We consider the problem of multi-objective alignment of foundation models
with human preferences, which is a critical step towards helpful and harmless
AI systems. However, it is generally costly and unstable to fine-tune large
foundation models using reinforcement learning (RL), and the
multi-dimensionality, heterogeneity, and conflicting nature of human
preferences further complicate the alignment process. In this paper, we
introduce Rewards-in-Context (RiC), which conditions the response of a
foundation model on multiple rewards in its prompt context and applies
supervised fine-tuning for alignment. The salient features of RiC are
simplicity and adaptivity, as it only requires supervised fine-tuning of a
single foundation model and supports dynamic adjustment for user preferences
during inference time. Inspired by the analytical solution of an abstracted
convex optimization problem, our dynamic inference-time adjustment method
approaches the Pareto-optimal solution for multiple objectives.
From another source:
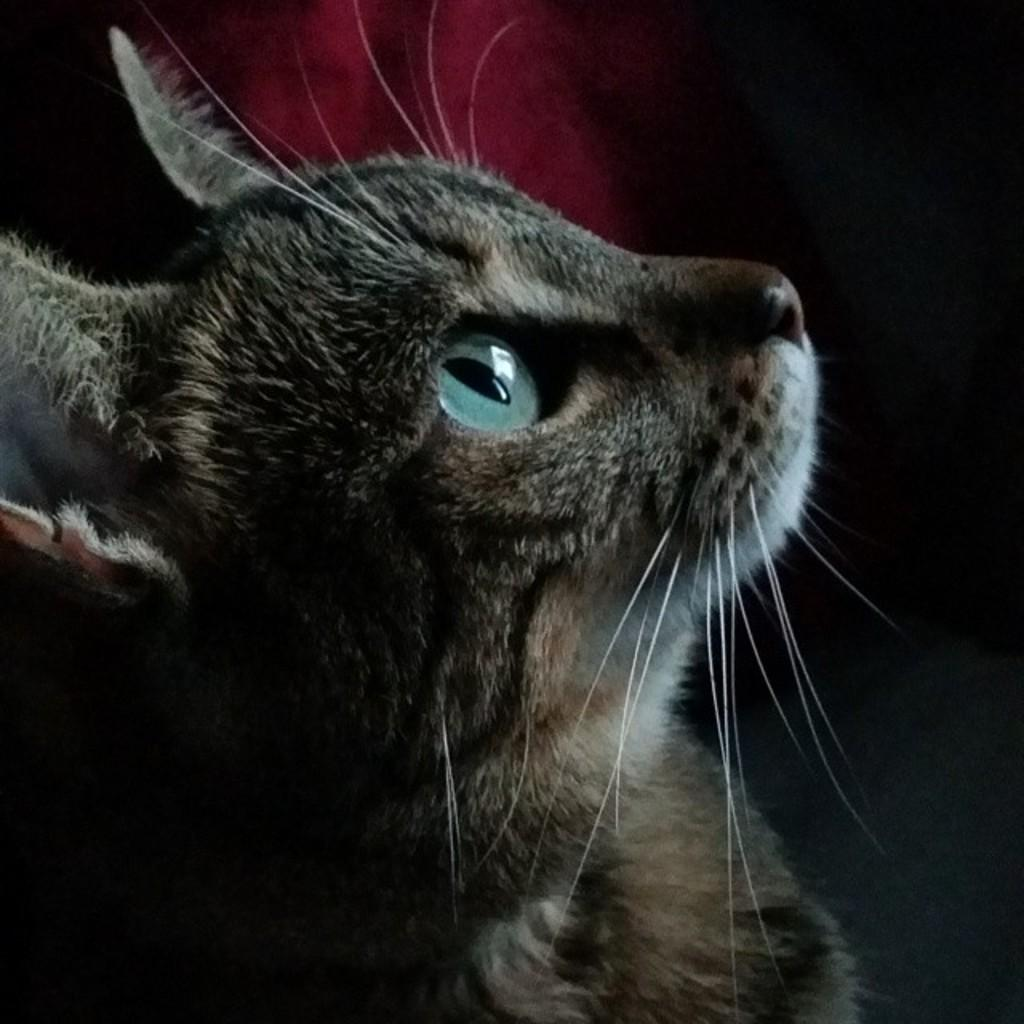What type of animal is in the image? There is a cat in the image. What color is the cat? The cat is brown in color. What verse is the actor reciting in the image? There is no actor or verse present in the image; it features a brown cat. Who is the recipient of the parcel in the image? There is no parcel or recipient present in the image; it features a brown cat. 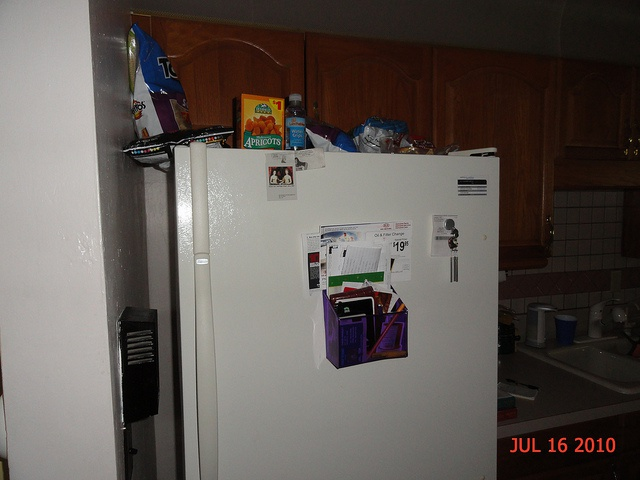Describe the objects in this image and their specific colors. I can see refrigerator in gray, darkgray, and black tones, cup in black and gray tones, bottle in gray, black, blue, and darkblue tones, book in gray, black, and darkgray tones, and bowl in black and gray tones in this image.

Empirical
evidence demonstrates the efficacy of our method in aligning both Large
Language Models (LLMs) and diffusion models to accommodate diverse rewards with
only around $10\%$ GPU hours compared with multi-objective RL baseline.

通过 Rewards-in-Context（RiC）的方法，本文提出了一种用于多目标对齐基础模型和人类偏好的简洁和适应性方法，并通过监督微调在推断过程中支持用户偏好的动态调整，从而在只使用大约 10% 的 GPU 时间与多目标强化学习基准相比，对齐大型语言模型（LLMs）和扩散模型以适应多样化的奖励。